Credential Theft Detection
One notable capability is monitoring access to LSASS, the Windows process responsible for storing authentication credentials.
Unauthorized access to LSASS is commonly associated with credential dumping tools.
The analyzer watches for suspicious memory access patterns that may indicate attempts to extract credentials.
Event Correlation
Individual Windows events rarely tell the whole story.
Windows Threat Analyzer correlates related events occurring within a configurable time window.
For example:
Administrator privileges assigned
User added to Administrators group
Instead of generating isolated alerts, the application links related activity together, providing additional context for analysts.
MITRE ATT&CK Mapping
Each supported detection is mapped to relevant MITRE ATT&CK techniques where applicable.
Examples include:
Credential Dumping
Process Injection
Process Hollowing
WMI Event Subscription
Alternate Data Streams
This mapping helps analysts understand how detected behavior aligns with established attacker techniques.
Risk Scoring
Rather than displaying hundreds of disconnected alerts, Windows Threat Analyzer calculates a cumulative host risk score.
The score reflects the overall severity of observed activity and helps prioritize investigation.
Risk levels currently include:
Informational
Low
Medium
High
Critical
Reporting
Collected data can be exported for documentation or further analysis.
Supported export formats include:
CSV
JSON
PDF
These reports are useful for incident documentation and offline analysis.
User Interface
The desktop application provides a security operations–style dashboard featuring:
Live event monitoring
Alert management
Timeline visualization
Search and filtering
Risk overview
Event deduplication
Alert acknowledgment
The interface is designed to make Windows security events easier to interpret without requiring direct interaction with Event Viewer.
Current Detection Summary
At the time of writing, Windows Threat Analyzer includes:
24 numbered detection rules
Dynamic Named Pipe detections
Windows Security Event monitoring
Sysmon behavioral detections
Event correlation
MITRE ATT&CK mapping
Risk scoring
Timeline visualization
PDF, CSV, and JSON reporting
The project continues to expand as additional detection rules and analysis capabilities are implemented.
Looking Ahead
Windows Threat Analyzer is an ongoing project focused on improving host-based threat detection using Windows-native telemetry.

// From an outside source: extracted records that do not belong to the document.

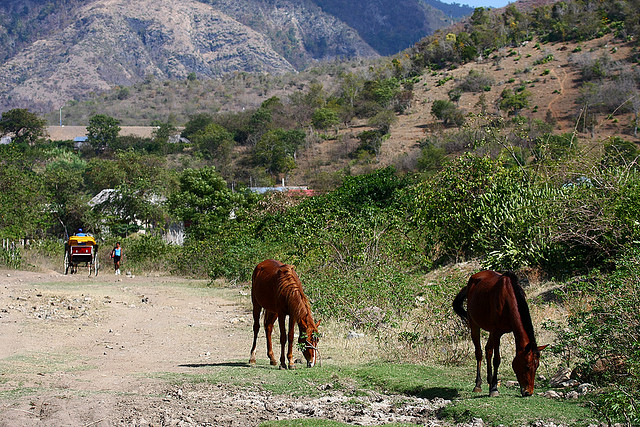<image>What breed is the horse on the right? I don't know the breed of the horse on the right. It could be an Arabian, Tennessee Walker, Clydesdale, Palomino, Quarter Horse, or Mustang. What breed is the horse on the right? I don't know the breed of the horse on the right. It can be Arabian, Tennessee Walker, Brown, Clydesdale, Palomino, Quarter Horse, or Mustang. 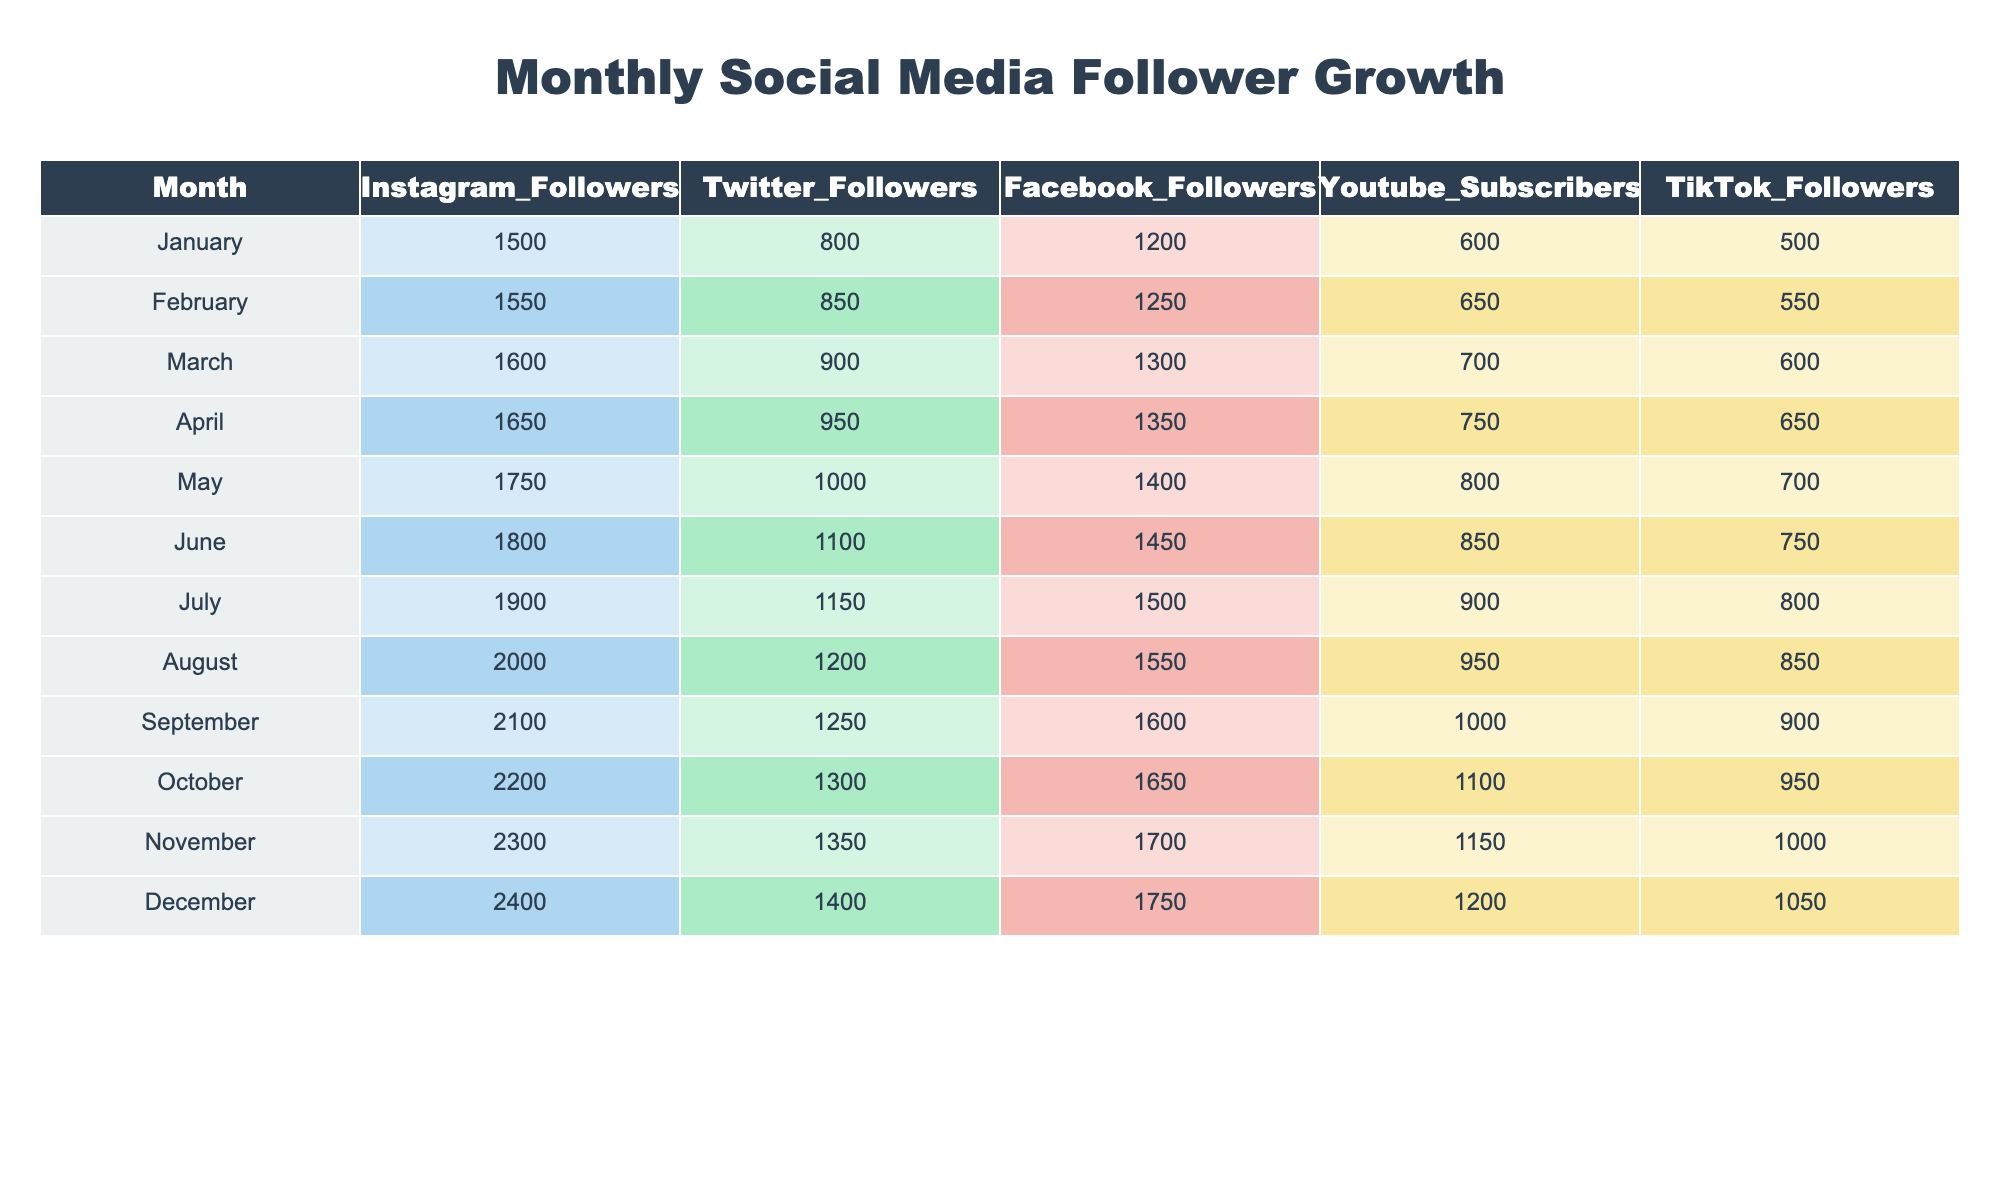What was the follower count for Instagram in February? The table shows that the Instagram follower count in February was 1550.
Answer: 1550 What was the total follower count across all platforms in April? For April, the counts are: Instagram (1650) + Twitter (950) + Facebook (1350) + YouTube (750) + TikTok (650) = 1650 + 950 + 1350 + 750 + 650 = 4350.
Answer: 4350 Did the Twitter followers increase from March to April? In March, the Twitter followers were 900, and in April, they were 950. Since 950 is greater than 900, it confirms an increase.
Answer: Yes What was the average number of Facebook followers from January to December? The Facebook follower counts are: 1200, 1250, 1300, 1350, 1400, 1450, 1500, 1550, 1600, 1650, 1700, 1750. The sum of these counts is 1200 + 1250 + 1300 + 1350 + 1400 + 1450 + 1500 + 1550 + 1600 + 1650 + 1700 + 1750 = 16800. There are 12 months, so the average is 16800 / 12 = 1400.
Answer: 1400 Which month saw the highest growth in TikTok followers? To calculate growth, we look at the difference in follower counts between consecutive months. For instance: January to February (+50); February to March (+50); March to April (+50); through to November to December (+50). Each month saw a growth of 50, making them all equal across the twelve months. Therefore, no single month has the highest growth, as they are all the same.
Answer: None What percentage of total followers in December were from YouTube? The total followers in December across all platforms are: Instagram (2400) + Twitter (1400) + Facebook (1750) + YouTube (1200) + TikTok (1050) = 2400 + 1400 + 1750 + 1200 + 1050 = 8800. The number of YouTube subscribers is 1200. To find the percentage: (1200 / 8800) * 100 = 13.64%.
Answer: 13.64% In which month did the Instagram followers cross 2000? By checking the table, we see that the Instagram followers crossed 2000 in August (2000) for the first time after progressing from previous counts.
Answer: August Is it true that the total Twitter followers exceeded 1300 in November? The total number of Twitter followers in November is 1350, which is indeed greater than 1300. So this statement is true.
Answer: Yes

Future development areas may include:
Additional Sysmon detections
Registry persistence monitoring
Ransomware behavior detection
Threat intelligence enrichment
Sigma rule compatibility
YARA integration
Machine learning–assisted anomaly detection
Expanded ATT&CK coverage
Multi-host monitoring
Final Thoughts
Building detection tools provides valuable insight into how Windows records security events and how attackers interact with operating systems.
Windows Threat Analyzer demonstrates that meaningful security analytics can be built using Python, SQLite, Windows Event Logs, and Sysmon without requiring enterprise infrastructure.
As development continues, the project aims to expand its detection coverage while remaining a practical platform for learning detection engineering, Windows internals, and defensive cybersecurity.
Thank you for following the project's progress. Feedback, suggestions, and contributions are always welcome as Windows Threat Analyzer continues to evolve.